Prendere in mano un albo a colori, sfogliare pagine di cartone e ascoltare una voce familiare che narra una storia rappresenta un rito di passaggio fondamentale per lo sviluppo cognitivo dei bambini. Secondo il recente report ISTAT “Libri e biblioteche: abitudini di lettura e frequentazione”, il 51,9% dei bambini italiani tra zero e cinque anni interagisce quotidianamente con albi illustrati al di fuori dell'orario scolastico. Si tratta di oltre un milione e duecentomila piccoli lettori che iniziano a costruire il proprio bagaglio culturale tra le mura domestiche.

Le abitudini di lettura nell'infanzia riflettono in modo speculare il contesto socio-culturale di appartenenza. I dati evidenziano una correlazione diretta tra il titolo di studio dei genitori e la frequenza con cui i figli si avvicinano ai libri: il 56% dei bambini con genitori in possesso di un alto livello di istruzione legge ogni giorno, una quota che scende al 43,7% nei nuclei familiari con un percorso di studi inferiore. Questo divario sottolinea quanto la trasmissione del valore della lettura sia un processo che parte dall'esempio e dall'ambiente educativo circostante.
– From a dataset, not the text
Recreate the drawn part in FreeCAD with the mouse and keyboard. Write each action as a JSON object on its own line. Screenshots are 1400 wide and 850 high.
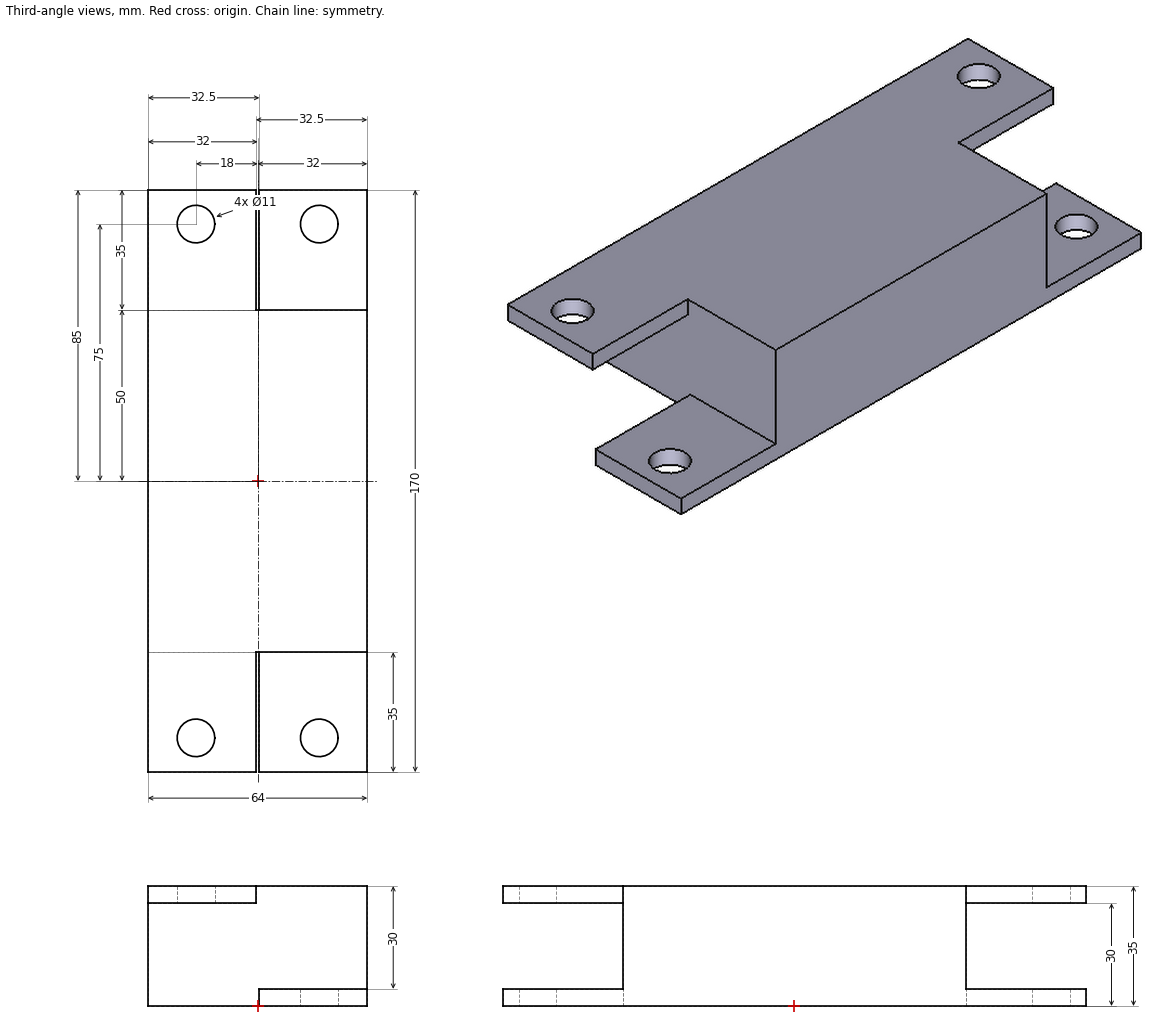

La condivisione quotidiana della lettura avviene principalmente con la figura materna nel 39,3% dei casi, mentre la percentuale scende al 25,4% quando l'attività coinvolge il papà.

Le dinamiche geografiche confermano disparità strutturali che si riflettono anche nelle fasce d'età adulte. Il Centro Italia guida la classifica con il 59,6% dei bambini attivi sui libri quotidianamente, seguito dal Nord al 52,3%, mentre nel Mezzogiorno la percentuale si attesta al 47,3%. Anche il genere gioca un ruolo significativo: le bambine mostrano una propensione più marcata, con il 54,8% che dedica tempo alla lettura ogni giorno, rispetto al 49,2% dei coetanei maschi.

Il ruolo dei contenuti educativi nella crescita

La scelta dei testi rivela una chiara preferenza per la narrazione classica, con le fiabe che coinvolgono il 69% dei lettori in erba. Tuttavia, emerge una forte domanda di materiali dal taglio pedagogico: il 45,8% dei bambini utilizza volumi pensati per l'apprendimento di concetti base, come i primi numeri, il lessico quotidiano o le norme comportamentali. Questo interesse verso contenuti strutturati richiede figure educative sempre più preparate, capaci di integrare strumenti digitali e metodologie innovative per stimolare la curiosità intellettuale fin dai primi anni di vita.

Per i docenti che operano nella scuola dell'infanzia e primaria, acquisire competenze specifiche nella gestione delle nuove tecnologie e nella didattica digitale è diventato un requisito imprescindibile per supportare efficacemente questi processi di apprendimento. L'integrazione di strumenti multimediali nel percorso formativo permette di rispondere con maggiore precisione alle esigenze di una generazione che cresce in un ecosistema ibrido, dove il libro cartaceo convive con le nuove frontiere dell'innovazione tecnologica.